:: Records for this exercise ::

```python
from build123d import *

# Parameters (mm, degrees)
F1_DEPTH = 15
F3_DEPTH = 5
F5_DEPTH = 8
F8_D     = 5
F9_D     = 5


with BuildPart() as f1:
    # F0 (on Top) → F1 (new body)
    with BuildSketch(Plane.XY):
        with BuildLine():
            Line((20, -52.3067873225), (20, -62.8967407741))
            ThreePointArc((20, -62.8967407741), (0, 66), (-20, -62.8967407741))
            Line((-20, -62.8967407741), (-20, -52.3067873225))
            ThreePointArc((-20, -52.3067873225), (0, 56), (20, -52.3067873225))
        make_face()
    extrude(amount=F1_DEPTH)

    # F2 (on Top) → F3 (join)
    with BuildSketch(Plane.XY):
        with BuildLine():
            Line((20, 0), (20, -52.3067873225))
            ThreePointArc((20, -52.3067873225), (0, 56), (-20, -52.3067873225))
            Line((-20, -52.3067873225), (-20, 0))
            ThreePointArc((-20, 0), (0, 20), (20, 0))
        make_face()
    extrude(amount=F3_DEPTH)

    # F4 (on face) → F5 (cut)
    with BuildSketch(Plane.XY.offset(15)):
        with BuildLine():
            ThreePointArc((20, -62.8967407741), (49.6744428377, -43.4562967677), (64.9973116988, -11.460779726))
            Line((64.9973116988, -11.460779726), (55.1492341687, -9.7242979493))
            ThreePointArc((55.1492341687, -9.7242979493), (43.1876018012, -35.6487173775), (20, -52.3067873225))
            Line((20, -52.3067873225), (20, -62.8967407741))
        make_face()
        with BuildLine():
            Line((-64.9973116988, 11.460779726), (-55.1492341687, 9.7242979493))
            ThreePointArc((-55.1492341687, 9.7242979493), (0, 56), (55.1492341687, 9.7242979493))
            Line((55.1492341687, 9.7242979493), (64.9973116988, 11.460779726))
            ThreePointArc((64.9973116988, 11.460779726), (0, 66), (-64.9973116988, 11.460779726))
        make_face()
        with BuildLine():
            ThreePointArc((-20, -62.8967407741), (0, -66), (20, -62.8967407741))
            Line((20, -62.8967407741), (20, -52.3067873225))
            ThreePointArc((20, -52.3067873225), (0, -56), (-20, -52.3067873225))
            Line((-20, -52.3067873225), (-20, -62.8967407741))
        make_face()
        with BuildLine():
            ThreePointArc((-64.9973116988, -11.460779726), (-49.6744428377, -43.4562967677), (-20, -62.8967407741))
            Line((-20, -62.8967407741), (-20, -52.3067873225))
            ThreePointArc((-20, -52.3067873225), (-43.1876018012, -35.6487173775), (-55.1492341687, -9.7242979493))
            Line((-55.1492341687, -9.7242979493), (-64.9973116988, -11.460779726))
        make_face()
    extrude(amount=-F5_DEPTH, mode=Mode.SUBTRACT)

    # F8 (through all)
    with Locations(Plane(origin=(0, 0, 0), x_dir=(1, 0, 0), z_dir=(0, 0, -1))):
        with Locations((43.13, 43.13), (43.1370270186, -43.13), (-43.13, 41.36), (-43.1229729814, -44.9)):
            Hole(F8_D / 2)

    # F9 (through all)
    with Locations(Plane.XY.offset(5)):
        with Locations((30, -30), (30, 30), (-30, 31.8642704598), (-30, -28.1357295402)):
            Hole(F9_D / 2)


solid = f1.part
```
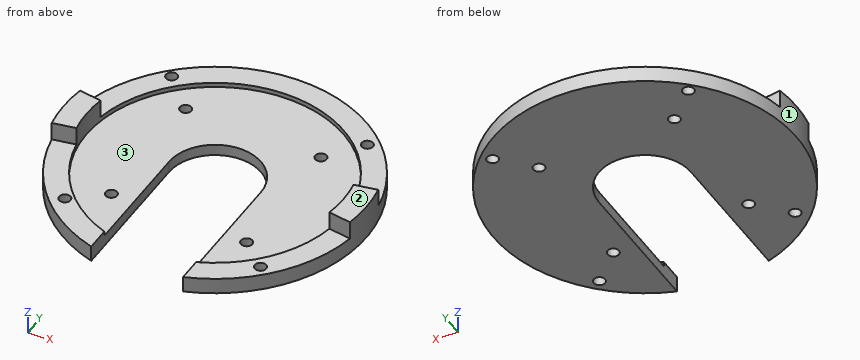
Work out the finished part from the listing and answer in its coordinate system (mm). Face numbers are marked on the shaded views. Coordinates: 2 decimals unless noted, no trailing zeros. Loops run counter-clockwise (first coordinate to the right, second up) from the corner with the lowest first, then second, coordinate; pieces in that order, holes last. Notation, with made-up numbers: (-14.5, -6) -> (4.5, -6) arc R26 ccw to (4.5, 25) -> close; hole circle Ø3 at (-30, 17.5). An arc over 180 degrees is marked (long way). Answer as CSV lines item,"result".
Q1. The part is cut by section B-B on x = -43.13. Write down the section's boundary in (y, z), and give its area (3 significant figures).
Findings:
outline,"(-49.96, 0) -> (-43.86, 0) -> (-43.86, 7) -> (-49.96, 7) -> close; (-38.86, 0) -> (42.4, 0) -> (42.4, 7) -> (35.72, 7) -> (35.72, 5) -> (-35.72, 5) -> (-35.72, 7) -> (-38.86, 7) -> close; (47.4, 0) -> (49.96, 0) -> (49.96, 7) -> (47.4, 7) -> close"
area,"487 mm²"
Q2. Each of these flat-tipped pins is pushed along its axis until it touches: pin 1 (3.5 mm diameter, centred on y = -17.5, z = 3, fed in from +X); pin 2 (2 mm diameter, centred on x = 32, z = 6.5, fed in from -Y); pin 3 (7.5 mm diameter, centred on y = -22.5, z = 5, fed in from -X). Where does it stop, or does it pass through?
Findings:
pin 1,"stops at x = 64.09"
pin 2,"stops at y = -58.27"
pin 3,"stops at x = -63.28"
Q3. The part is cut by section D-D on x = 0. Write down the section's boundary in (y, z), and give its area (3 significant figures).
Findings:
outline,"(20, 0) -> (66, 0) -> (66, 7) -> (56, 7) -> (56, 5) -> (20, 5) -> close"
area,"250 mm²"
Q4. The part is cut by section C-C on y = 5.5. Write down the section's boundary in (x, z).
Findings:
outline,"(-65.77, 0) -> (-19.23, 0) -> (-19.23, 5) -> (-55.73, 5) -> (-55.73, 15) -> (-65.77, 15) -> close; (19.23, 0) -> (65.77, 0) -> (65.77, 15) -> (55.73, 15) -> (55.73, 5) -> (19.23, 5) -> close"
Q5. Find the intervals of material crossed by probe 1 along X at (y, z) = (-41.36, 3.5); probe 2 along X at (y, z) = (-43, 5.25); probe 3 along Y at (x, z) = (30, 3.45), in increasing order.
Findings:
probe 1,"x = -51.43 to -45.63, -40.63 to -20, 20 to 41.36, 44.9 to 51.43"
probe 2,"x = -50.07 to -45.02, -41.24 to -35.87, 35.87 to 40.63, 45.63 to 50.07"
probe 3,"y = -58.79 to -32.5, -27.5 to 27.5, 32.5 to 58.79"
Q6. The part is cut by section A-A on z = 8.5. Write down the section's boundary in (x, y), and give its area (3 significant figures).
Findings:
outline,"(-65, -11.46) -> (-55.15, -9.72) arc R56 cw to (-55.15, 9.72) -> (-65, 11.46) arc R66 ccw to start; (55.15, -9.72) -> (65, -11.46) arc R66 ccw to (65, 11.46) -> (55.15, 9.72) arc R56 cw to start"
area,"426 mm²"
Q7. For a pull along X with two mould halves and no side action, classify the marked faces 1, 2 and 3 as +X half, -X half, draft (parallel to the pull), parting line (faces both ways), or undercut.
Findings:
face 1,"parting line"
face 2,"draft"
face 3,"undercut"

:::

#### [Problem statement]
Omit every picture while transcribing the records above exactly.

#### [Output below]
```python
from build123d import *

# Parameters (mm, degrees)
F1_DEPTH = 15
F3_DEPTH = 5
F5_DEPTH = 8
F8_D     = 5
F9_D     = 5


with BuildPart() as f1:
    # F0 (on Top) → F1 (new body)
    with BuildSketch(Plane.XY):
        with BuildLine():
            Line((20, -52.3067873225), (20, -62.8967407741))
            ThreePointArc((20, -62.8967407741), (0, 66), (-20, -62.8967407741))
            Line((-20, -62.8967407741), (-20, -52.3067873225))
            ThreePointArc((-20, -52.3067873225), (0, 56), (20, -52.3067873225))
        make_face()
    extrude(amount=F1_DEPTH)

    # F2 (on Top) → F3 (join)
    with BuildSketch(Plane.XY):
        with BuildLine():
            Line((20, 0), (20, -52.3067873225))
            ThreePointArc((20, -52.3067873225), (0, 56), (-20, -52.3067873225))
            Line((-20, -52.3067873225), (-20, 0))
            ThreePointArc((-20, 0), (0, 20), (20, 0))
        make_face()
    extrude(amount=F3_DEPTH)

    # F4 (on face) → F5 (cut)
    with BuildSketch(Plane.XY.offset(15)):
        with BuildLine():
            ThreePointArc((20, -62.8967407741), (49.6744428377, -43.4562967677), (64.9973116988, -11.460779726))
            Line((64.9973116988, -11.460779726), (55.1492341687, -9.7242979493))
            ThreePointArc((55.1492341687, -9.7242979493), (43.1876018012, -35.6487173775), (20, -52.3067873225))
            Line((20, -52.3067873225), (20, -62.8967407741))
        make_face()
        with BuildLine():
            Line((-64.9973116988, 11.460779726), (-55.1492341687, 9.7242979493))
            ThreePointArc((-55.1492341687, 9.7242979493), (0, 56), (55.1492341687, 9.7242979493))
            Line((55.1492341687, 9.7242979493), (64.9973116988, 11.460779726))
            ThreePointArc((64.9973116988, 11.460779726), (0, 66), (-64.9973116988, 11.460779726))
        make_face()
        with BuildLine():
            ThreePointArc((-20, -62.8967407741), (0, -66), (20, -62.8967407741))
            Line((20, -62.8967407741), (20, -52.3067873225))
            ThreePointArc((20, -52.3067873225), (0, -56), (-20, -52.3067873225))
            Line((-20, -52.3067873225), (-20, -62.8967407741))
        make_face()
        with BuildLine():
            ThreePointArc((-64.9973116988, -11.460779726), (-49.6744428377, -43.4562967677), (-20, -62.8967407741))
            Line((-20, -62.8967407741), (-20, -52.3067873225))
            ThreePointArc((-20, -52.3067873225), (-43.1876018012, -35.6487173775), (-55.1492341687, -9.7242979493))
            Line((-55.1492341687, -9.7242979493), (-64.9973116988, -11.460779726))
        make_face()
    extrude(amount=-F5_DEPTH, mode=Mode.SUBTRACT)

    # F8 (through all)
    with Locations(Plane(origin=(0, 0, 0), x_dir=(1, 0, 0), z_dir=(0, 0, -1))):
        with Locations((43.13, 43.13), (43.1370270186, -43.13), (-43.13, 41.36), (-43.1229729814, -44.9)):
            Hole(F8_D / 2)

    # F9 (through all)
    with Locations(Plane.XY.offset(5)):
        with Locations((30, -30), (30, 30), (-30, 31.8642704598), (-30, -28.1357295402)):
            Hole(F9_D / 2)


solid = f1.part
```
Work out the finished part from the listing and answer in its coordinate system (mm). Face numbers are marked on the shaded views. Coordinates: 2 decimals unless noted, no trailing zeros. Loops run counter-clockwise (first coordinate to the right, second up) from the corner with the lowest first, then second, coordinate; pieces in that order, holes last. Notation, with made-up numbers: (-14.5, -6) -> (4.5, -6) arc R26 ccw to (4.5, 25) -> close; hole circle Ø3 at (-30, 17.5). An arc over 180 degrees is marked (long way). Answer as CSV lines item,"result".
Q1. The part is cut by section B-B on x = -43.13. Write down the section's boundary in (y, z), and give its area (3 significant figures).
Findings:
outline,"(-49.96, 0) -> (-43.86, 0) -> (-43.86, 7) -> (-49.96, 7) -> close; (-38.86, 0) -> (42.4, 0) -> (42.4, 7) -> (35.72, 7) -> (35.72, 5) -> (-35.72, 5) -> (-35.72, 7) -> (-38.86, 7) -> close; (47.4, 0) -> (49.96, 0) -> (49.96, 7) -> (47.4, 7) -> close"
area,"487 mm²"
Q2. Each of these flat-tipped pins is pushed along its axis until it touches: pin 1 (3.5 mm diameter, centred on y = -17.5, z = 3, fed in from +X); pin 2 (2 mm diameter, centred on x = 32, z = 6.5, fed in from -Y); pin 3 (7.5 mm diameter, centred on y = -22.5, z = 5, fed in from -X). Where does it stop, or does it pass through?
Findings:
pin 1,"stops at x = 64.09"
pin 2,"stops at y = -58.27"
pin 3,"stops at x = -63.28"
Q3. The part is cut by section D-D on x = 0. Write down the section's boundary in (y, z), and give its area (3 significant figures).
Findings:
outline,"(20, 0) -> (66, 0) -> (66, 7) -> (56, 7) -> (56, 5) -> (20, 5) -> close"
area,"250 mm²"
Q4. The part is cut by section C-C on y = 5.5. Write down the section's boundary in (x, z).
Findings:
outline,"(-65.77, 0) -> (-19.23, 0) -> (-19.23, 5) -> (-55.73, 5) -> (-55.73, 15) -> (-65.77, 15) -> close; (19.23, 0) -> (65.77, 0) -> (65.77, 15) -> (55.73, 15) -> (55.73, 5) -> (19.23, 5) -> close"
Q5. Find the intervals of material crossed by probe 1 along X at (y, z) = (-41.36, 3.5); probe 2 along X at (y, z) = (-43, 5.25); probe 3 along Y at (x, z) = (30, 3.45), in increasing order.
Findings:
probe 1,"x = -51.43 to -45.63, -40.63 to -20, 20 to 41.36, 44.9 to 51.43"
probe 2,"x = -50.07 to -45.02, -41.24 to -35.87, 35.87 to 40.63, 45.63 to 50.07"
probe 3,"y = -58.79 to -32.5, -27.5 to 27.5, 32.5 to 58.79"
Q6. The part is cut by section A-A on z = 8.5. Write down the section's boundary in (x, y), and give its area (3 significant figures).
Findings:
outline,"(-65, -11.46) -> (-55.15, -9.72) arc R56 cw to (-55.15, 9.72) -> (-65, 11.46) arc R66 ccw to start; (55.15, -9.72) -> (65, -11.46) arc R66 ccw to (65, 11.46) -> (55.15, 9.72) arc R56 cw to start"
area,"426 mm²"
Q7. For a pull along X with two mould halves and no side action, classify the marked faces 1, 2 and 3 as +X half, -X half, draft (parallel to the pull), parting line (faces both ways), or undercut.
Findings:
face 1,"parting line"
face 2,"draft"
face 3,"undercut"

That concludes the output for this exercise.